:: WHAT THIS TASK INVOLVES ::
Each line below must be set down exactly; omit any image you find.

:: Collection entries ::
+-------+
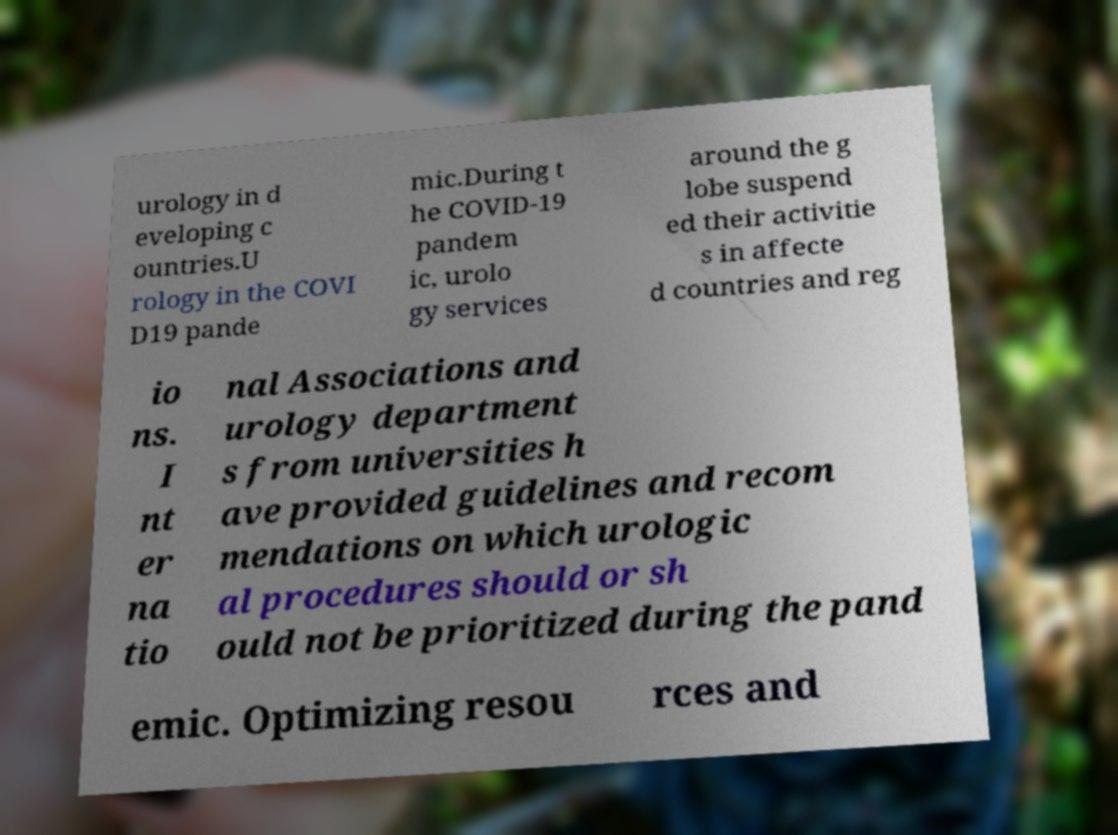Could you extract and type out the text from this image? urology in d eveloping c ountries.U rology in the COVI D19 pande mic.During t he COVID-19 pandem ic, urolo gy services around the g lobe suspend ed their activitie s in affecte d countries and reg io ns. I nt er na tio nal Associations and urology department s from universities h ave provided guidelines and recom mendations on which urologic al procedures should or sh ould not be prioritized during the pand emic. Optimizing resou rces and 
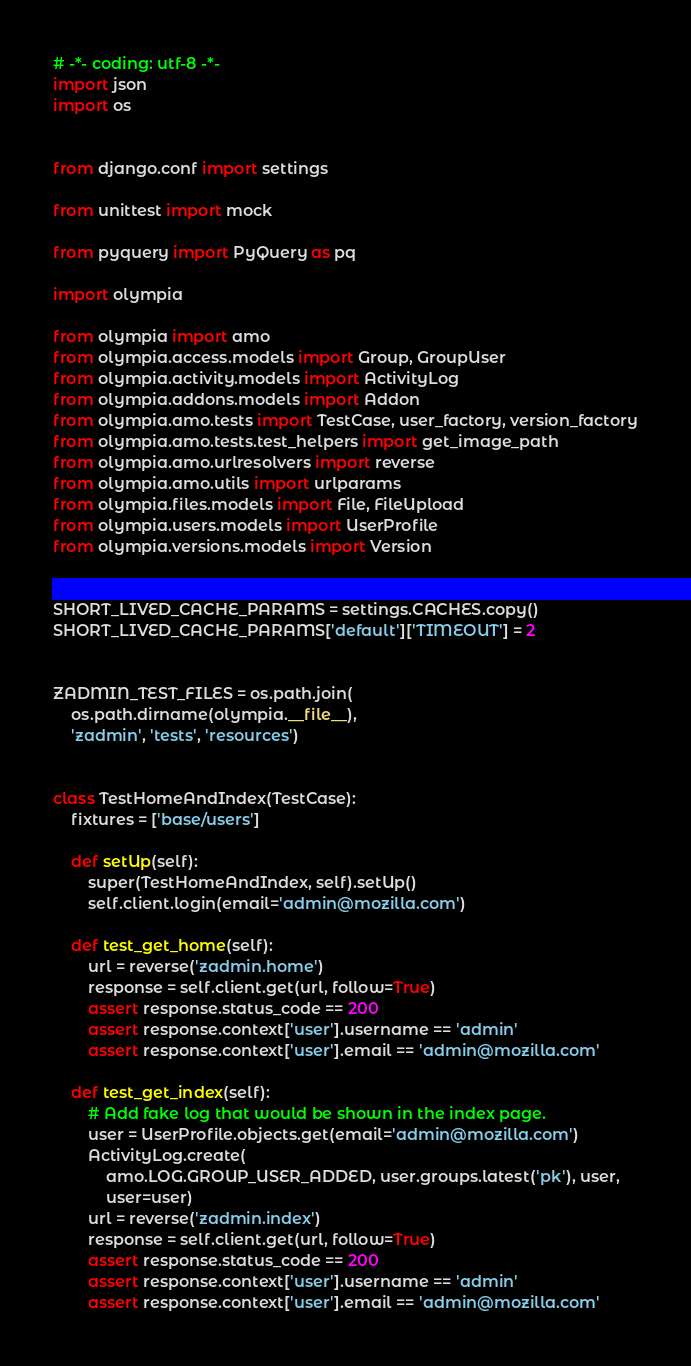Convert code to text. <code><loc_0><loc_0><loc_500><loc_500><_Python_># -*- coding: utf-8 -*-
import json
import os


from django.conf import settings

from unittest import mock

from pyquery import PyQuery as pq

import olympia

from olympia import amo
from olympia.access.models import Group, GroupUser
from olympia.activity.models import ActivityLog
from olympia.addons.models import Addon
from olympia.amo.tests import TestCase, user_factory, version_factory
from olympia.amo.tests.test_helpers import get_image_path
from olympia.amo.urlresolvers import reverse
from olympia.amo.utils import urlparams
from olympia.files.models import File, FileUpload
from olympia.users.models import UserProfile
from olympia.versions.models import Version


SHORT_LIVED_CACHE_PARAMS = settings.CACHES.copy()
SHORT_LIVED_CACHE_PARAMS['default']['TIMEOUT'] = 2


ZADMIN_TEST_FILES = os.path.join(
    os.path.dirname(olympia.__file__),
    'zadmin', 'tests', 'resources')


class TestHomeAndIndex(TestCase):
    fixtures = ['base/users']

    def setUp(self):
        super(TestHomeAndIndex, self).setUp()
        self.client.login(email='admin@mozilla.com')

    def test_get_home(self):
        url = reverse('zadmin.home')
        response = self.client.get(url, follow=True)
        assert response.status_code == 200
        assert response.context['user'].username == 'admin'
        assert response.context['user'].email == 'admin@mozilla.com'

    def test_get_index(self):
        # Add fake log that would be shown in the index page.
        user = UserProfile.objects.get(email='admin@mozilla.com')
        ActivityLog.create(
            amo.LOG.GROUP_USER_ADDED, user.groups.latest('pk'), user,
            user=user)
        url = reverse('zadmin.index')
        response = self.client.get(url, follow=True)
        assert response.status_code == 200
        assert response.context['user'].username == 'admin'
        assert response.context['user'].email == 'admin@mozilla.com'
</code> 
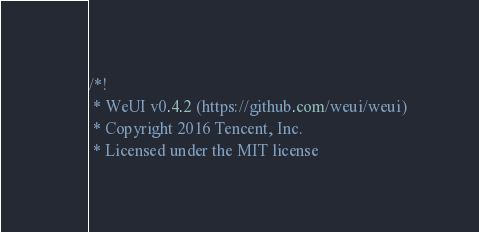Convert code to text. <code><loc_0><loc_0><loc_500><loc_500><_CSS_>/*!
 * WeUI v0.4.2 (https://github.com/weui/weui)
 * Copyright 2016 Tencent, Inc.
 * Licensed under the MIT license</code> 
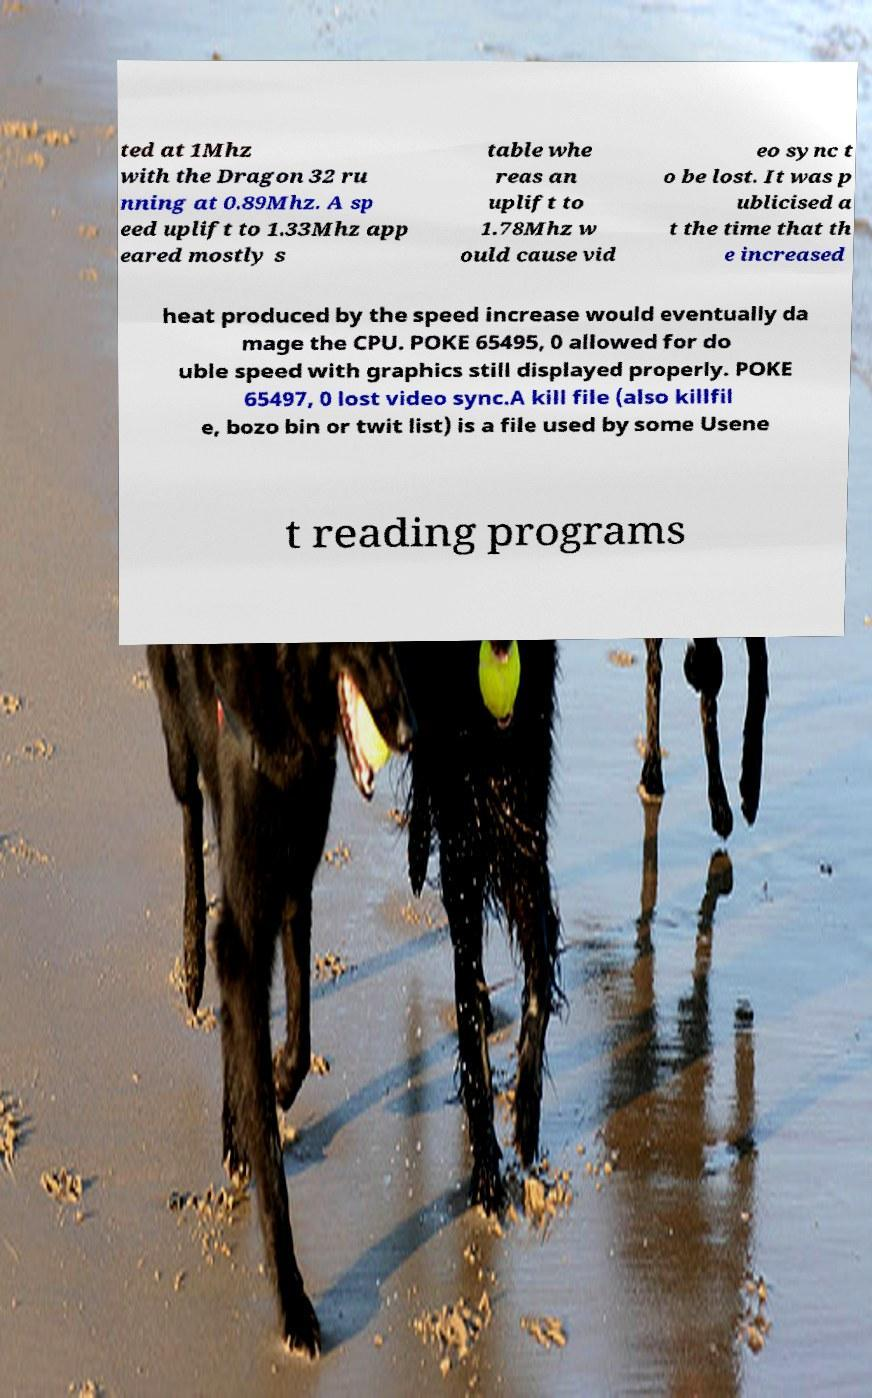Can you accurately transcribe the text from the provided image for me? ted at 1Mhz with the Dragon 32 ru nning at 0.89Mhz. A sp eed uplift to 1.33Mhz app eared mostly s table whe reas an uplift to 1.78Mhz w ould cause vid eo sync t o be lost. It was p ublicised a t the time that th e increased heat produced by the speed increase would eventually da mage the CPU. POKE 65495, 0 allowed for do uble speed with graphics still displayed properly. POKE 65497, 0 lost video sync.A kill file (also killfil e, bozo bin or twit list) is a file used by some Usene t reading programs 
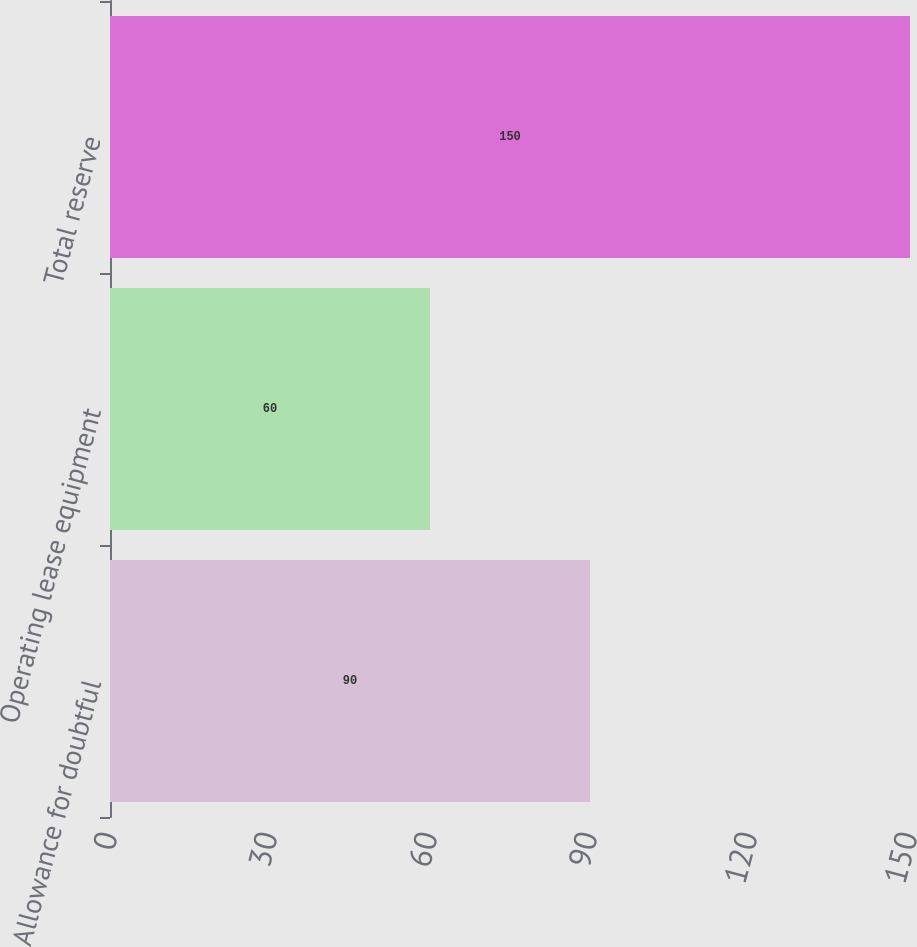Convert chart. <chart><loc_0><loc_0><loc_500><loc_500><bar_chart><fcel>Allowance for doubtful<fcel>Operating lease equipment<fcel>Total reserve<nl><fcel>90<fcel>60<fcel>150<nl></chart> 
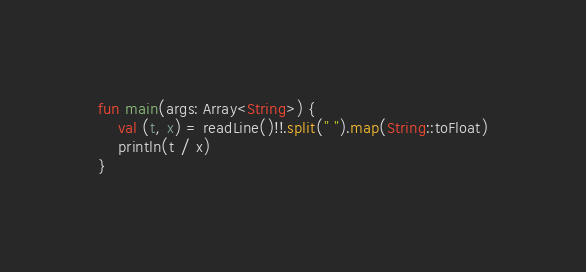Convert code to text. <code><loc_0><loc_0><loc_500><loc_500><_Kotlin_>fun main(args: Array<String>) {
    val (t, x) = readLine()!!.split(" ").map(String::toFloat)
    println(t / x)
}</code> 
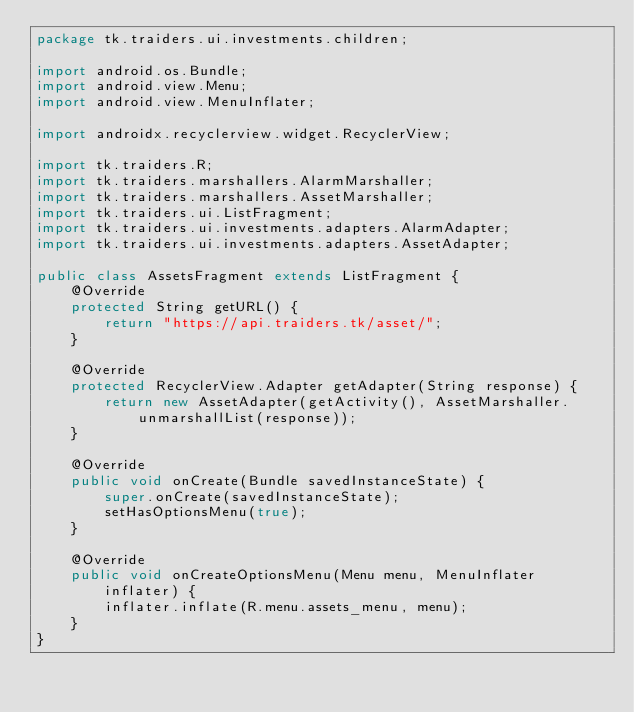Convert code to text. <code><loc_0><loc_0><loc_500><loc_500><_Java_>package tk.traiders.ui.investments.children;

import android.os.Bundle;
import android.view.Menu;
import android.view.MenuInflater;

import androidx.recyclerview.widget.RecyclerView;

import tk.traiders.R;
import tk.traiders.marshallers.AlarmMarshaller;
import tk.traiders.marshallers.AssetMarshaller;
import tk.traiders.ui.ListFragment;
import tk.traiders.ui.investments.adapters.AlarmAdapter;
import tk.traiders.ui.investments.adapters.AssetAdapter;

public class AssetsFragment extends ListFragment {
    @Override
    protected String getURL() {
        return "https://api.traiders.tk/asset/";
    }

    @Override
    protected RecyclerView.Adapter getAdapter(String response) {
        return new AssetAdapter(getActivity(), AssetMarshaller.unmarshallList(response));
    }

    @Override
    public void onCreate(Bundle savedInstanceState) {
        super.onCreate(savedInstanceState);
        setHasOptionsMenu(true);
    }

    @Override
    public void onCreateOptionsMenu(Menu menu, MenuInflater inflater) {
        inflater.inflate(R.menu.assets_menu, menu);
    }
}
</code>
+-------+
:: TASK RESULT ::
Could you extract and type out the text from this image? urology in d eveloping c ountries.U rology in the COVI D19 pande mic.During t he COVID-19 pandem ic, urolo gy services around the g lobe suspend ed their activitie s in affecte d countries and reg io ns. I nt er na tio nal Associations and urology department s from universities h ave provided guidelines and recom mendations on which urologic al procedures should or sh ould not be prioritized during the pand emic. Optimizing resou rces and 
Convert code to text. <code><loc_0><loc_0><loc_500><loc_500><_Python_># -*- coding: utf-8 -*-
import json
import os


from django.conf import settings

from unittest import mock

from pyquery import PyQuery as pq

import olympia

from olympia import amo
from olympia.access.models import Group, GroupUser
from olympia.activity.models import ActivityLog
from olympia.addons.models import Addon
from olympia.amo.tests import TestCase, user_factory, version_factory
from olympia.amo.tests.test_helpers import get_image_path
from olympia.amo.urlresolvers import reverse
from olympia.amo.utils import urlparams
from olympia.files.models import File, FileUpload
from olympia.users.models import UserProfile
from olympia.versions.models import Version


SHORT_LIVED_CACHE_PARAMS = settings.CACHES.copy()
SHORT_LIVED_CACHE_PARAMS['default']['TIMEOUT'] = 2


ZADMIN_TEST_FILES = os.path.join(
    os.path.dirname(olympia.__file__),
    'zadmin', 'tests', 'resources')


class TestHomeAndIndex(TestCase):
    fixtures = ['base/users']

    def setUp(self):
        super(TestHomeAndIndex, self).setUp()
        self.client.login(email='admin@mozilla.com')

    def test_get_home(self):
        url = reverse('zadmin.home')
        response = self.client.get(url, follow=True)
        assert response.status_code == 200
        assert response.context['user'].username == 'admin'
        assert response.context['user'].email == 'admin@mozilla.com'

    def test_get_index(self):
        # Add fake log that would be shown in the index page.
        user = UserProfile.objects.get(email='admin@mozilla.com')
        ActivityLog.create(
            amo.LOG.GROUP_USER_ADDED, user.groups.latest('pk'), user,
            user=user)
        url = reverse('zadmin.index')
        response = self.client.get(url, follow=True)
        assert response.status_code == 200
        assert response.context['user'].username == 'admin'
        assert response.context['user'].email == 'admin@mozilla.com'
</code> 
Convert code to text. <code><loc_0><loc_0><loc_500><loc_500><_CSS_>/*!
 * WeUI v0.4.2 (https://github.com/weui/weui)
 * Copyright 2016 Tencent, Inc.
 * Licensed under the MIT license</code> 
Can you accurately transcribe the text from the provided image for me? ted at 1Mhz with the Dragon 32 ru nning at 0.89Mhz. A sp eed uplift to 1.33Mhz app eared mostly s table whe reas an uplift to 1.78Mhz w ould cause vid eo sync t o be lost. It was p ublicised a t the time that th e increased heat produced by the speed increase would eventually da mage the CPU. POKE 65495, 0 allowed for do uble speed with graphics still displayed properly. POKE 65497, 0 lost video sync.A kill file (also killfil e, bozo bin or twit list) is a file used by some Usene t reading programs 
Convert chart. <chart><loc_0><loc_0><loc_500><loc_500><bar_chart><fcel>Allowance for doubtful<fcel>Operating lease equipment<fcel>Total reserve<nl><fcel>90<fcel>60<fcel>150<nl></chart> 
Convert code to text. <code><loc_0><loc_0><loc_500><loc_500><_Kotlin_>fun main(args: Array<String>) {
    val (t, x) = readLine()!!.split(" ").map(String::toFloat)
    println(t / x)
}</code> 
Convert code to text. <code><loc_0><loc_0><loc_500><loc_500><_Java_>package tk.traiders.ui.investments.children;

import android.os.Bundle;
import android.view.Menu;
import android.view.MenuInflater;

import androidx.recyclerview.widget.RecyclerView;

import tk.traiders.R;
import tk.traiders.marshallers.AlarmMarshaller;
import tk.traiders.marshallers.AssetMarshaller;
import tk.traiders.ui.ListFragment;
import tk.traiders.ui.investments.adapters.AlarmAdapter;
import tk.traiders.ui.investments.adapters.AssetAdapter;

public class AssetsFragment extends ListFragment {
    @Override
    protected String getURL() {
        return "https://api.traiders.tk/asset/";
    }

    @Override
    protected RecyclerView.Adapter getAdapter(String response) {
        return new AssetAdapter(getActivity(), AssetMarshaller.unmarshallList(response));
    }

    @Override
    public void onCreate(Bundle savedInstanceState) {
        super.onCreate(savedInstanceState);
        setHasOptionsMenu(true);
    }

    @Override
    public void onCreateOptionsMenu(Menu menu, MenuInflater inflater) {
        inflater.inflate(R.menu.assets_menu, menu);
    }
}
</code>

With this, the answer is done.